Add to this the aspect that it is not usually possible for everyone to have access to all possible information required to make a decision. Not only is this because of systemic constraints, but also because there is usually no single definition about what information is relevant, or required, for making a decision. In some scenarios there is, but not in all. Given this, one aspect of KM is also to get people connected with sources of knowledge, whether repositories, or people, and to get them access to knowledge, whether directly or indirectly, which may be relevant for decision-making. This is the essential value-proposition for tools like social networking.

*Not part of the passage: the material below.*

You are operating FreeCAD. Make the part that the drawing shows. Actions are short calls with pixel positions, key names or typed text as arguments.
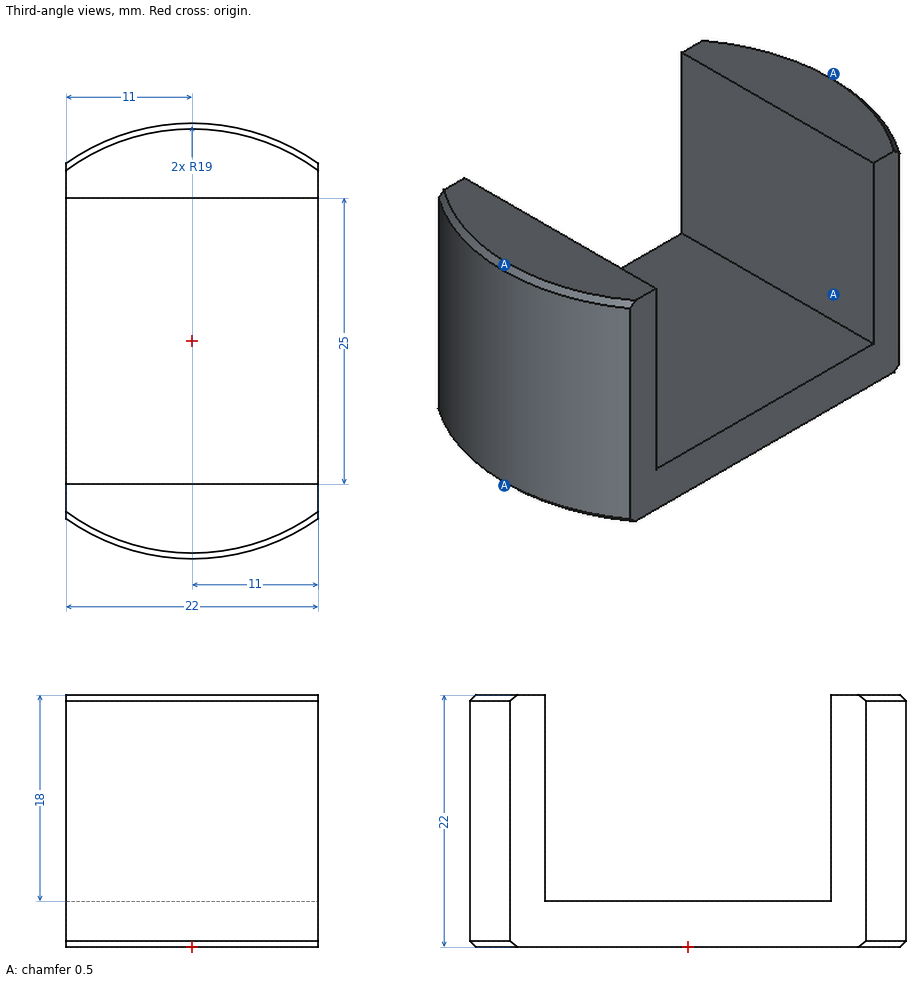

Another aspect which Dave mentioned is about the positioning of KM in the organization. The essence is that at a centralized level, KM needs to be synchronized with the strategic imperatives of the organization, while implementation should be done at localized level. Implementation of KM initiatives should be within the context of the localized business requirements. This has a number of benefits. One, this ensures that while overall KM is aligned with strategic requirements, at the point of implementation, KM is aligned with specifics of business requirements. Two, this also creates a level of ownership for KM initiatives among business units. Three, it is easier to measure the impact of KM initiatives in highly localized context, where it is easy to define the way KM can impact the business, rather than at a generic level.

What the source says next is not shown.